- Career
- Show: Vintage Vinyl
- Station: BBC Radio Tees (since 1976)
- Time slot: Sundays 4-6pm
- Station: Previously BBC Radio Cleveland
- Style: Radio presenter
- Country: United Kingdom

= Colin Bunyan =

English radio broadcaster

Colin Bunyan is an English radio broadcaster, best known for his weekly Vintage Vinyl programmes on BBC Radio Tees.

== Career ==
Bunyan, born and raised in Middlesbrough, joined BBC Radio Cleveland in 1974 and has presented various different programmes for the station including breakfast, drive-time, evening and his current and popular BBC Radio Tees Vintage Vinyl programme on Sunday afternoons.

Bunyan is currently the longest serving presenter on BBC Radio Tees.

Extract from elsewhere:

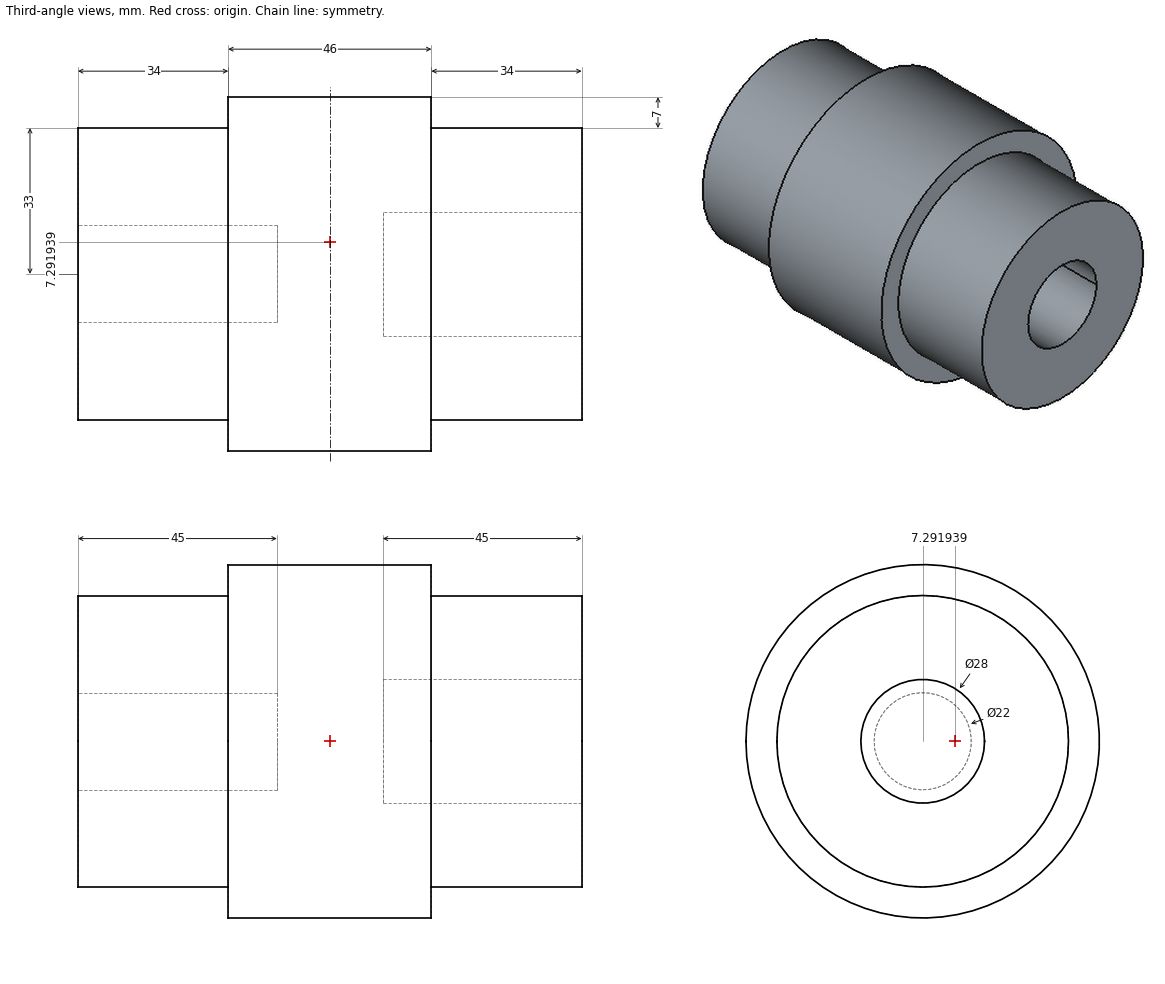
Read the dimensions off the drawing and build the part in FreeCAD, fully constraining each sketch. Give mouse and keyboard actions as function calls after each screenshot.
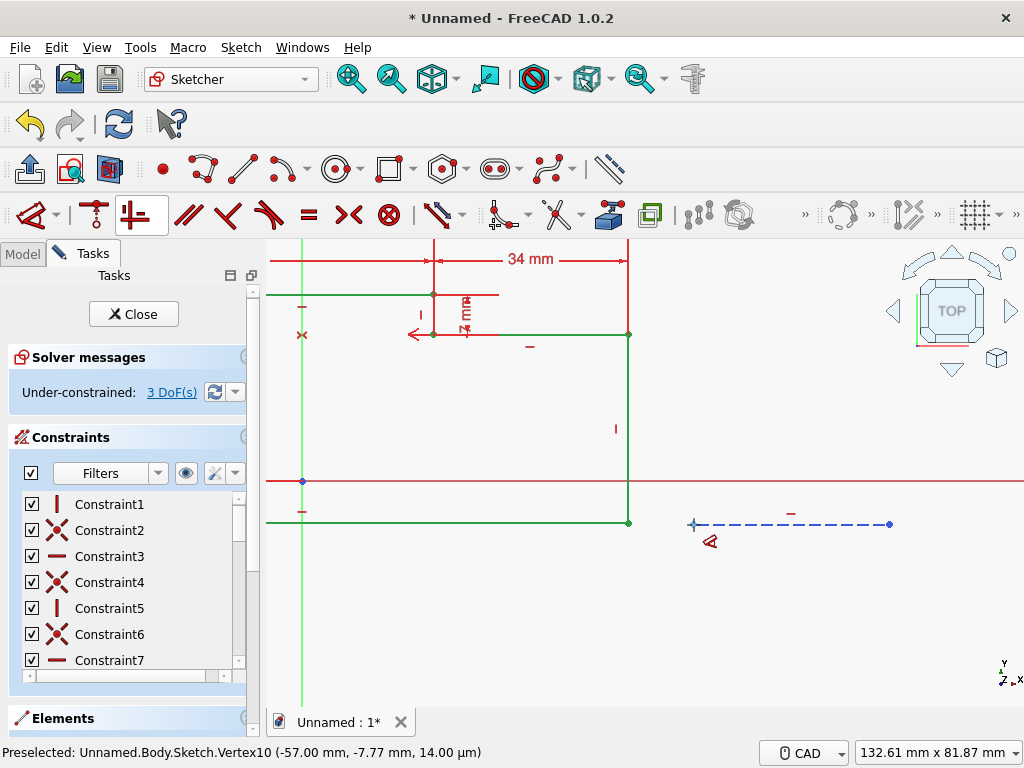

In 2014, Bunyan celebrated his 40th year in radio broadcasting, in which one of his highlights included interviewing famous faces such as Cliff Richard, Craig Douglas and Connie Francis. In 2023, Bunyan's Vintage Vinyl programme came to an end as part of wider changes within BBC Local Radio.

Bunyan is married to hairdresser Allan Iveson, they live in Middlesbrough. Bunyan supported Iveson after a takeaway restaurant was launched right next to Iveson's salon forcing it to close.

Bunyan has previously worked as a site engineer at Middlesbrough College.